From: Wood, Jamey <Jamey.Wood@nrel.gov>
Date: Mon, 9 Aug 2010 10:37:01 -0600
To: "public-lod@w3.org" <public-lod@w3.org>
Message-ID: <C8858ACE.7F47%jamey.wood@nrel.gov>

Are there any established best practices for converting CSV data into LOD-friendly RDF? For example, I would like to produce an LOD-friendly RDF version of the "2001 - Present Net Generation by State by Type of Producer by Energy Source" CSV data at:

http://www.eia.doe.gov/cneaf/electricity/epa/epa_sprdshts_monthly.html

I'm attaching a sample of a first stab at this. Questions I'm running into include the following:

1. Should one try to convert primitive data types (particularly strings) into URI references? Or just leave them as primitives? Or perhaps provide both (with separate predicate names)? For example, the sample EIA data I reference has two-letter state abbreviations in one column. Should those be left alone or converted into URIs?
2. Should one merge separate columns from the original data in order to align to well-known RDF types? For example, the sample EIA data has separate "Year" and "Month" columns. Should those be merged in the RDF version so that an "xs:gYearMonth" type can be used?
3. Should one attempt to introduce some sort of hierarchical structure (to make the LOD more "browseable")?

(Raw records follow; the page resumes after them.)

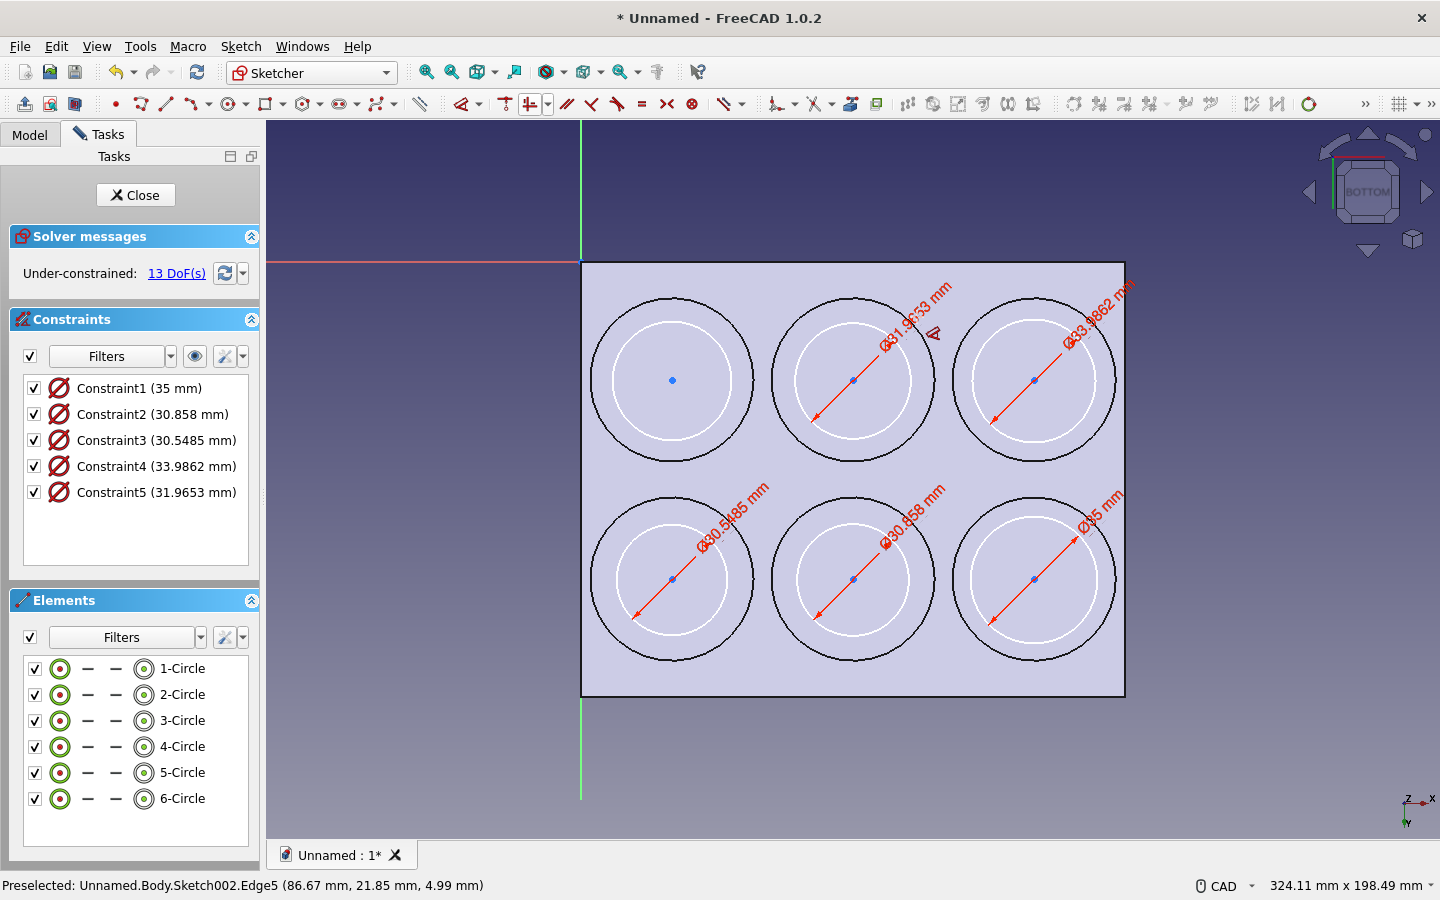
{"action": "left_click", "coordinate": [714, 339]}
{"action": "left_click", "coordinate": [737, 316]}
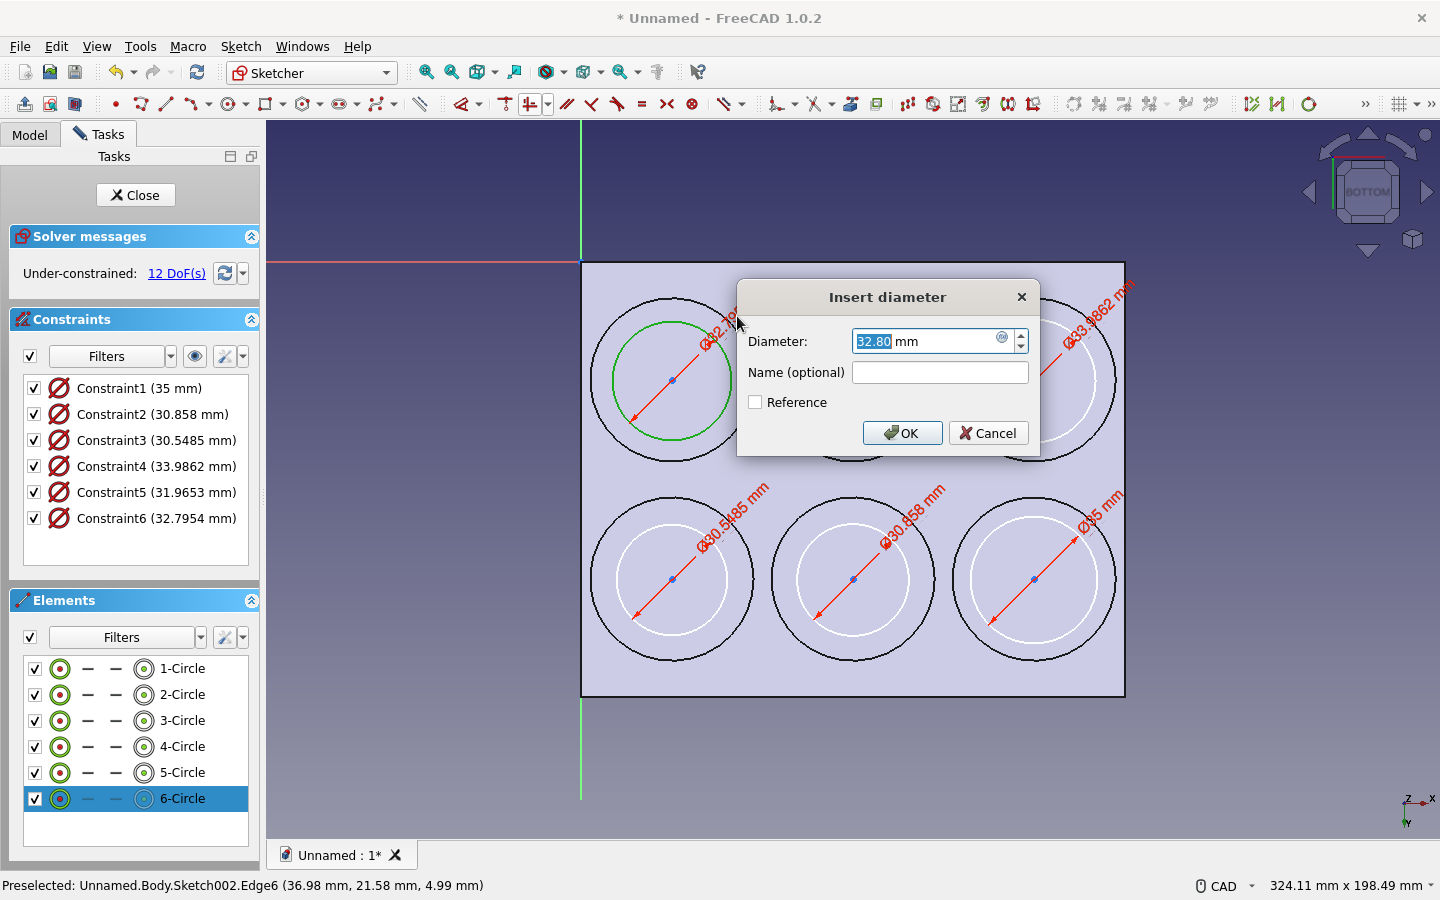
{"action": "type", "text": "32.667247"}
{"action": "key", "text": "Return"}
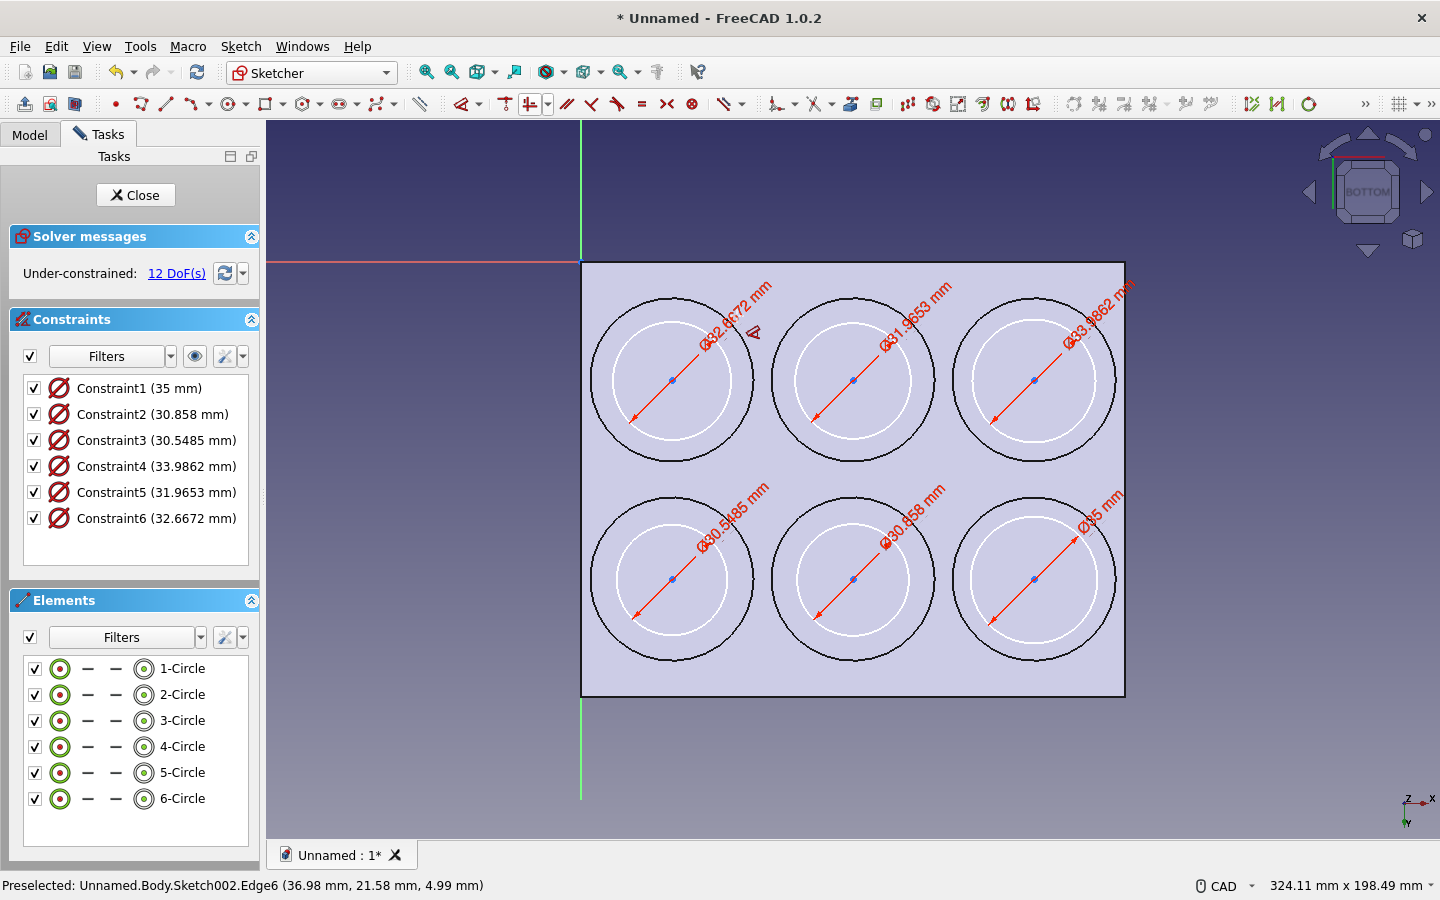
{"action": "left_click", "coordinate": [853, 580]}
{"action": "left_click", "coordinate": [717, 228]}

The "skos:related" triples in the attached sample are an initial attempt to do that. Is this a good idea? If so, is that a reasonable predicate to use? If it is a reasonable thing to do, we would presumably craft these triples so that one could navigate through the entire LOD (e.g. "state" -> "state/year" -> "state/year/month" -> "state/year/month/typeOfProducer" -> "state/year/month/typeOfProducer/energySource").
4. Any other considerations that I'm overlooking?

Thanks,
Jamey

Attachments

application/octet-stream attachment: generation_state_mon.rdf

Received on Monday, 9 August 2010 16:37:41 UTC